Fifth, with respect to the issue that substantial overexpression of VEGF can have severe undesired consequences please note that the VEGF plasma level in a treated human subject at 87 pg/ml, 116 pg/ml, or 145 pg/ml (1.5x, 2x and 2.5x of the minimal basal VEGF plasma level of 58 pg/ml in a healthy human, respectively) is within the VEGF plasma levels found in healthy and “non-cancer” human patients as reported by the Davies reference. Moreover, it is simply a risk benefit analysis, and it is well within the skill of an ordinary skill in the art to monitor adverse side effects in a treated subject.

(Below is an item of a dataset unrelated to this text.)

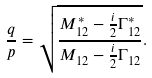Convert formula to latex. <formula><loc_0><loc_0><loc_500><loc_500>\frac { q } { p } = \sqrt { \frac { M _ { 1 2 } ^ { * } - \frac { i } { 2 } \Gamma _ { 1 2 } ^ { * } } { M _ { 1 2 } - \frac { i } { 2 } \Gamma _ { 1 2 } } } .</formula>

Wang et al (PLOS ONE 9(10):e110531.doi:10.1371/journal.pone.0110531, 8 pages; 2014) also determined the plasma VEGF concentration in proliferative diabetic retinopathy (PDR) patients to be significantly higher than healthy controls (410.07 ± 174.70 pg/ml vs 114.41 ± 110.99 pg/ml, respectively) (see at least Table 2 and Figure 1). Moreover, please note that the standard under 35 U.S.C. 103 is a “reasonable” expectation of success.

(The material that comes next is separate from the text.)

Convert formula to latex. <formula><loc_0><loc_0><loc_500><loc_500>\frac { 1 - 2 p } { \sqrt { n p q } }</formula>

Sixth, it is interesting to note that apart from disclosing a double transgenic mouse whose genome harboring a transgene encoding a tetracycline-regulated transactivator protein (tTA) expressed mostly in the liver and a VEGF163-encoding transgene driven by a tetracycline-responsive promoter, that were kept under tetracycline in sweetened drinking water; and the VEGF-overexpressing transgenic mouse has approximately at most 3-fold higher circulating VEGF levels (a plasma VEGF range of 100-160 pg/mL) over that of a control mouse for an analyzed period of 26 months and the transgenic mouse has increased lifespan and hallmark features of healthy organs and tissues (e.g., pancreas, intestine, liver) compared to a control mouse, the as-filed application does not provide a single working example of a gene therapy method for treating an age-related disorder or symptoms thereof in a mammalian subject as claimed.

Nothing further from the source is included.